TgFNR-34 targets YFP to multiple compartments. (a) Diagram of TgFNR-34 and -150. (b) Direct YFP fluorescence image of TgFNR-34, showing complex targeting pattern within the parasite and secretion into the parasitophorous vacuole. (c) Fluorescence image of TgFNR-34 (fixed specimen), showing complex targeting pattern within the parasite, including colocalization with rhoptries. The insert (bottom right) is an enlarged view of the apical region of one of the parasites showing green fluorescence at the periphery of the apicoplast and colocalizing with the rhoptries. The abbreviations are as described in the legend to Fig. 1. For microscopic images, green = YFP (anti-GFP or native fluorescence in panel b), red = rhoptries (anti-ROP2/3/4 [3]), blue = nuclear and apicoplast DNA (DAPI [42]). Bars = 5 μm.

FIG. 5.

Redundant motif within apicoplast targeting signal. (a) Diagram depicting deletions that define a redundant domain with the FNR TP. (b) Western blot demonstrating processing of TgFNR-Δ26-82, but not TgFNR-Δ26-86. (c) Despite deletion of one apicoplast targeting signal, TgFNR-Δ26-82 still localizes to the organelle periphery. (d) Deletion of an additional 4 aa results in targeting to both the ER and apicoplast periphery (TgFNR-Δ26-86). The abbreviations are as described in the legend to Fig. 1. For microscopic images, green = YFP (anti-GFP), red = apicoplast (anti-ACP [53]), blue = nuclear and apicoplast DNA (DAPI [42]). Bars = 5 μm.

FIG. 6.

Mapping the second redundant targeting motif within the apicoplast targeting signal. (a) Diagram depicting various deletions generated to map the second redundant targeting motif within the FNR TP. (b) TgFNR-Δ26-50,91-150 is targeted to the apicoplast periphery. (c) TgFNR-Δ26-82,91-150 is secreted into the parasitophorous vacuole. (d and e) Deleting both of the mapped apicoplast targeting signals results in a complex pattern of protein secretion targeting TgFNR-Δ26-50,83-105 to the apicoplast periphery (d), rhoptries (e), and the parasitophorous vacuole (not shown).

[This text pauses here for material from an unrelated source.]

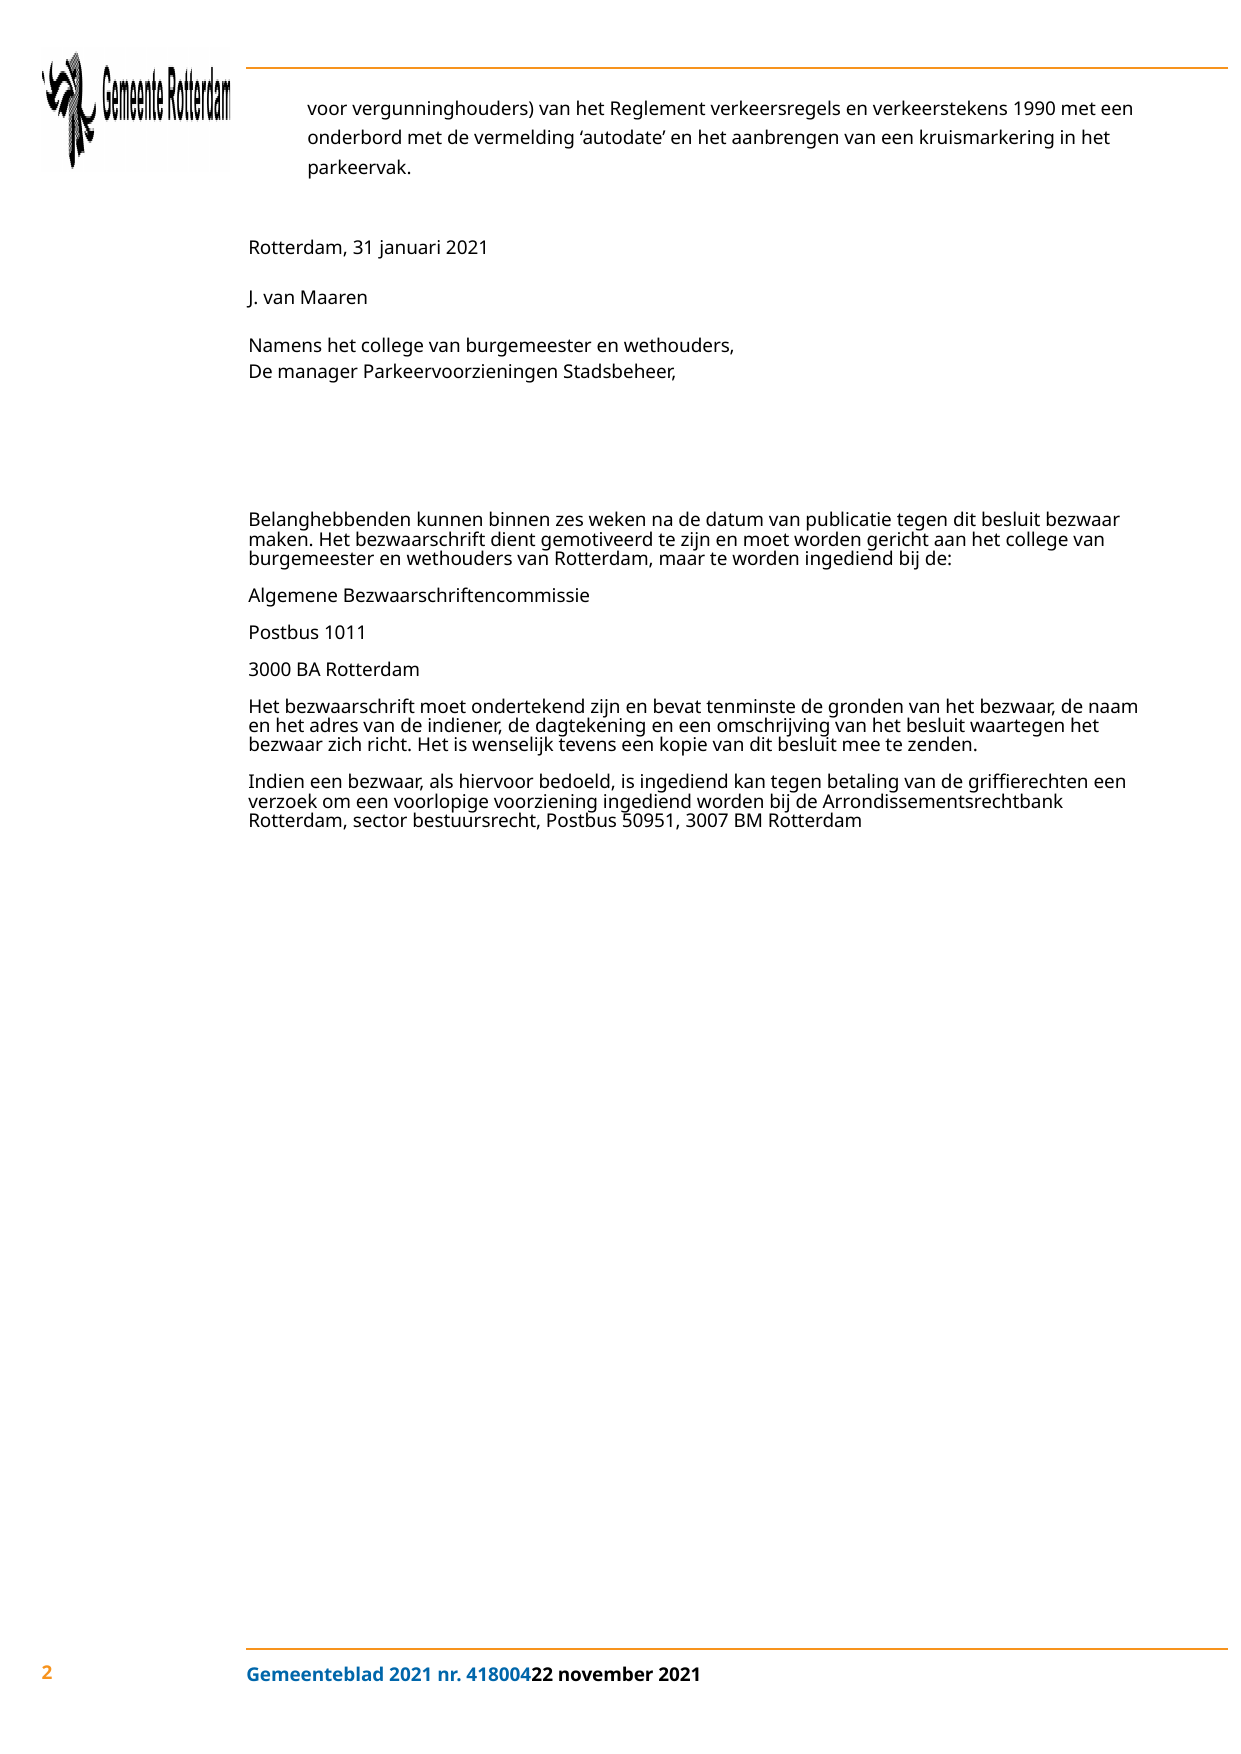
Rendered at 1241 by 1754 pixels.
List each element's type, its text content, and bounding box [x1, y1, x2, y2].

The abbreviations are as described in the legend to Fig. 1. For microscopic images, green = YFP (anti-GFP or native fluorescence [c]), red = apicoplast (anti-ACP) or rhoptries (anti-ROP2/3/4 [e]). Bars = 5 μm.

FIG. 7.

Scanning the apicoplast TP. (a) Diagram of overlapping sequential 25-aa segments scanning through the TgFNR TP inserted downstream of the SS and upstream of a YFP reporter. Four targeting patterns were observed, labeling the apicoplast (b), ER (c), parasitophorous vacuole (d), or rhoptries and parasitophorous vacuole (e). The abbreviations are as described in the legend to Fig. 1. All micrographs are direct fluorescence images of living parasites. Bars = 5 μm.

FIG. 8.

Summary of signal features within the TgFNR leader. The secretory SS is shown in magenta, and redundant apicoplast targeting domains are shown in green. Computationally predicted and experimentally determined cleavage sites are indicated by black and blue text, respectively. Red highlighting indicates the V-(V/S)-S-F motif that may be associated with release from the ER. The mature FNR gene is indicated, with conserved amino acids shown in red.